2017 Tour de France Preview

It’s that time of year! Other than July and Christmas, late October holds a special place for all Tour fans. It should also create a warm and fuzzy for Francophiles worldwide. It’s the time when we all open the gift of travel. In one way or another, whether as spectators or watching live broadcasts, the world will see France and three of its neighbors in all their glory. Over the next eight months, Explore le Tour will successively research and discover the highlights along the way. In the meantime, let’s take a first glance at the route with our 2017 Tour de France Preview and top 10 stages to look forward to.

At 3,516 kilometers in length, this year’s Tour is only 3 kilometers shorter than the 2016 edition and it fits nicely in the average of the ten prior Tour lengths (3,510 kilometers). The first thing Tour fans will notice is the unique progression of the peloton crisscrossing France. The route begins in a decidedly counterclockwise fashion only to be reset after the first rest day and transition to a clockwise Tour. So, the Pyrenees will be first yet again but rest assured the climbing is evenly spread between the Jura, Pyrenees, and Alps.

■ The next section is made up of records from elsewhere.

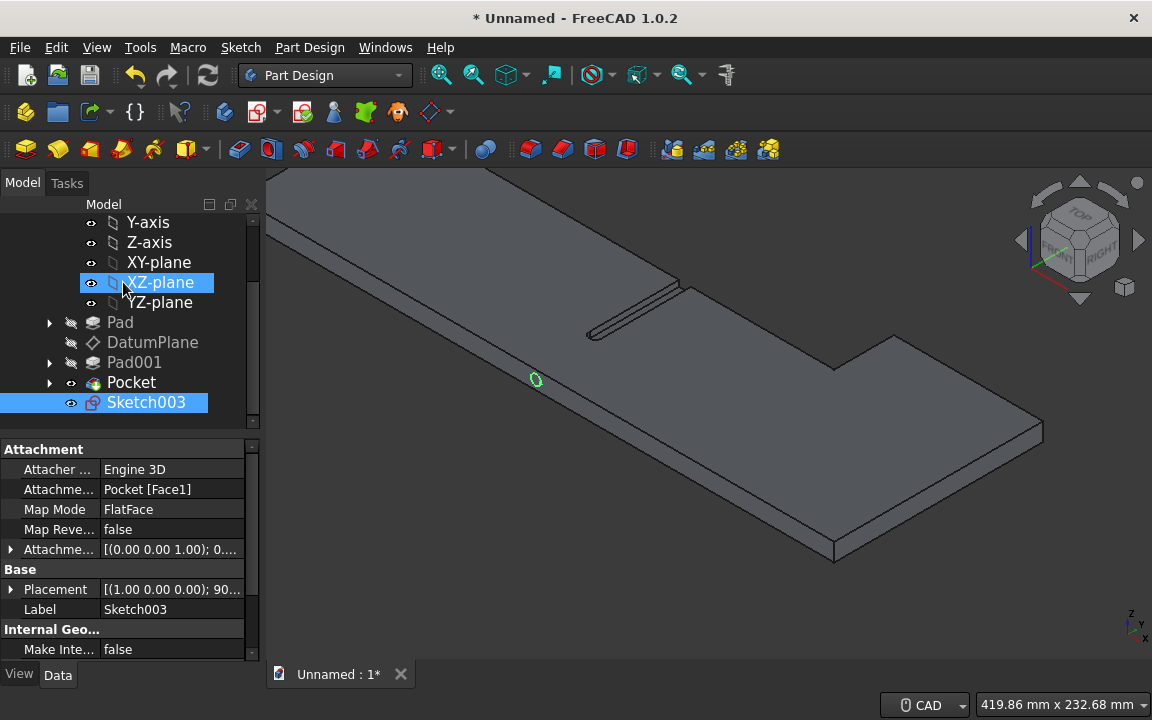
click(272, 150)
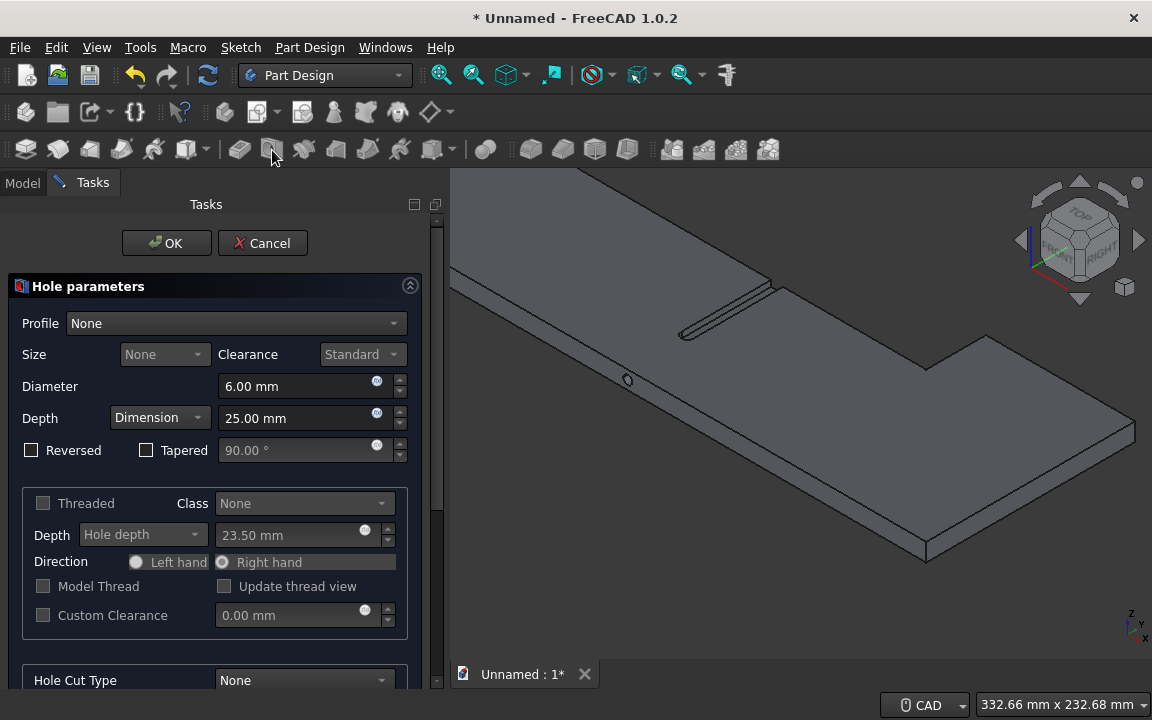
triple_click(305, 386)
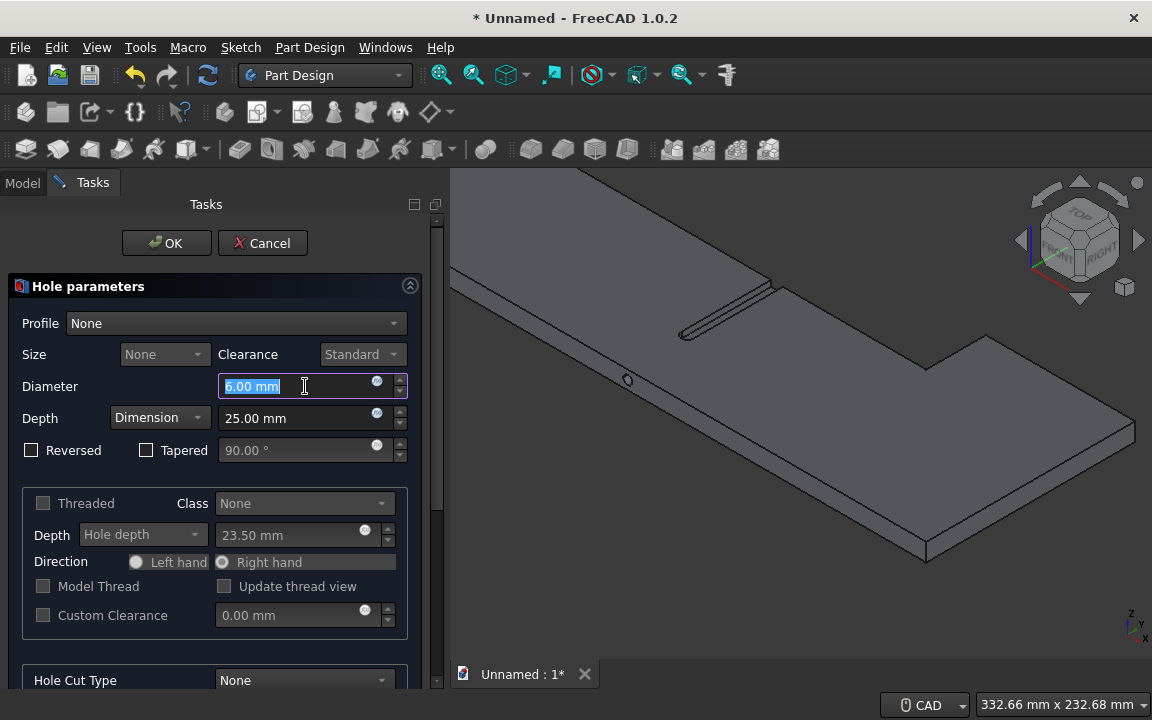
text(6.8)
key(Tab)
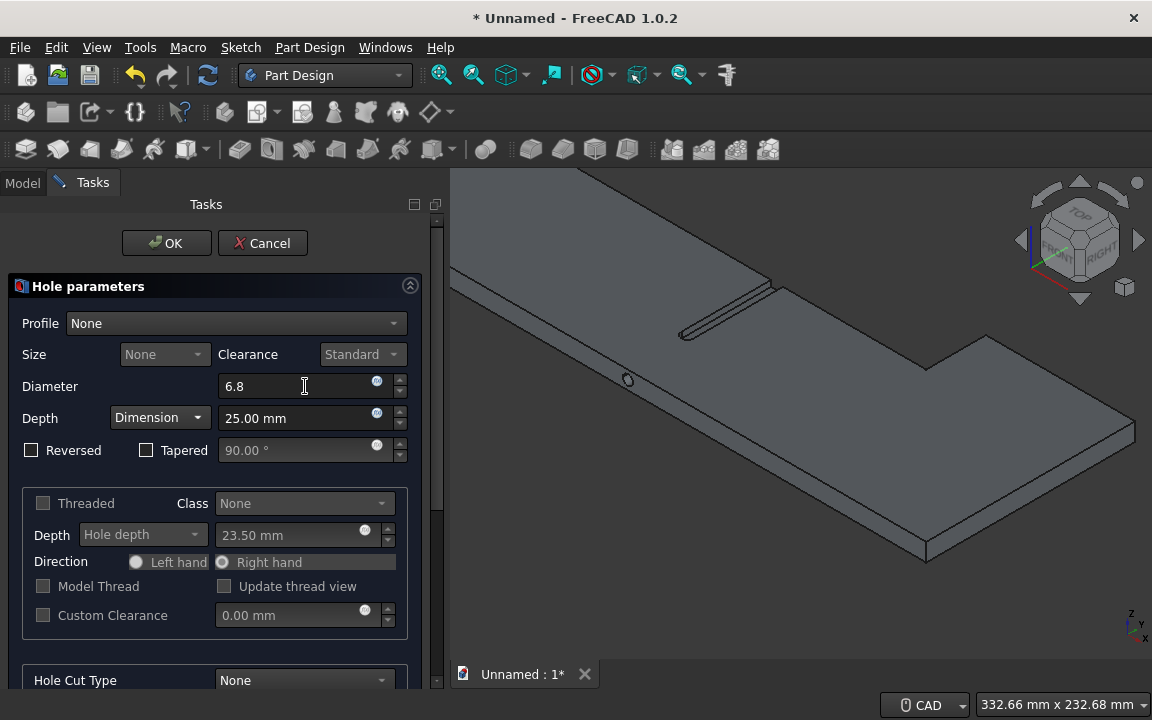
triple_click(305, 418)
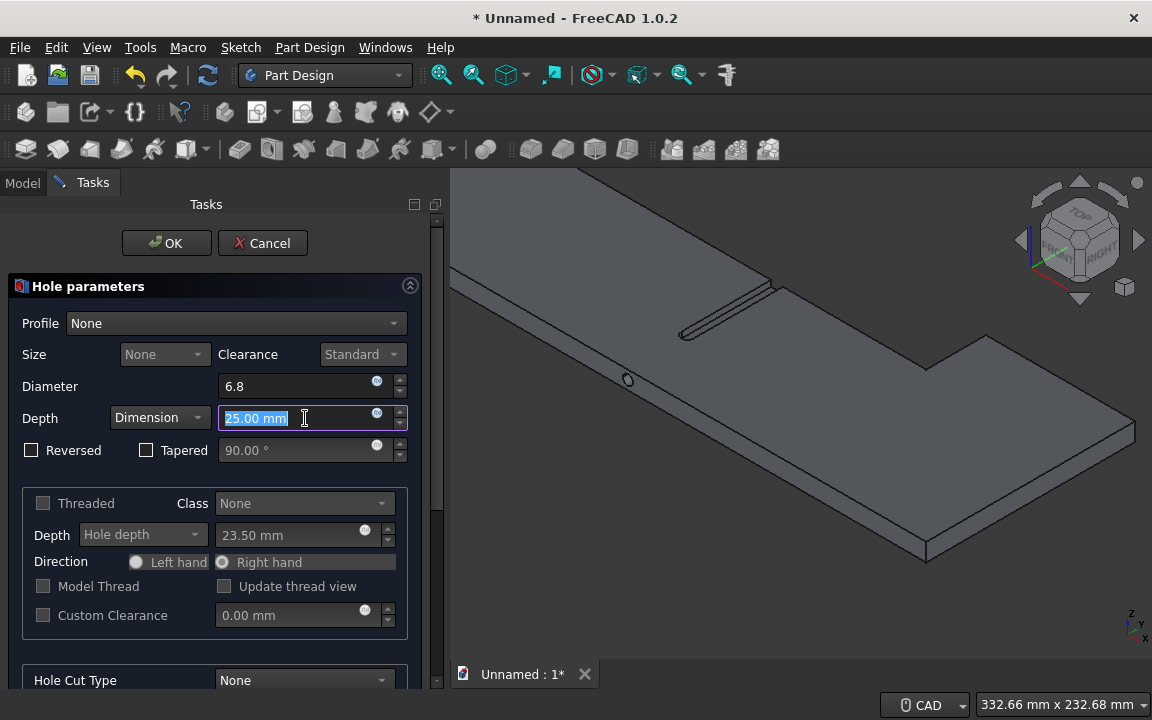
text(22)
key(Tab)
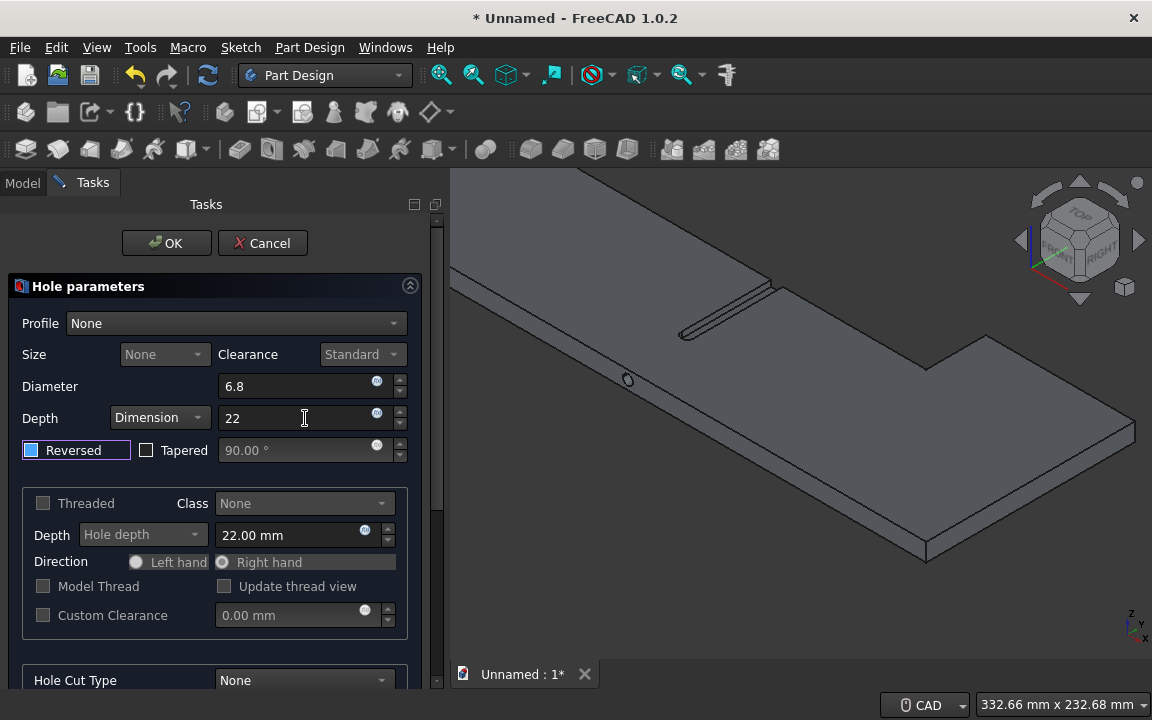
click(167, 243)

While at first glance, this year’s Tour appears to be quieter in world renowned sites like Mont Saint Michel, Utah Beach, Andorra, the heart of Provence and Ventoux, Bern, Megeve, and Chantilly, the 2017 Tour is sure to entertain and provide inspiration. Chris Froome will again be primarily challenged by the quiet man Nairo Quintana who comes into the Tour having bested Froome at the 2016 Vuelta. But the subdued riding by Frenchman Romain Bardet in last year’s Tour gives new hope to a country hungry for a new champion. And let’s not forget about the two-time reigning World champion Peter Sagan … the only question will be what new and exciting ways the Slovak will infuse into the race.

Let’s jump into it: 3,516 kilometers, 2 individual time trials, 3 summit finishes, 4 countries, 9 French Regions, and 21 Departments. With a full week to look at the course, here is Explore le Tour’s initial top ten stages of the 2017 Tour de France. Check back as we methodically research each stage in greater detail to see how this list pans out.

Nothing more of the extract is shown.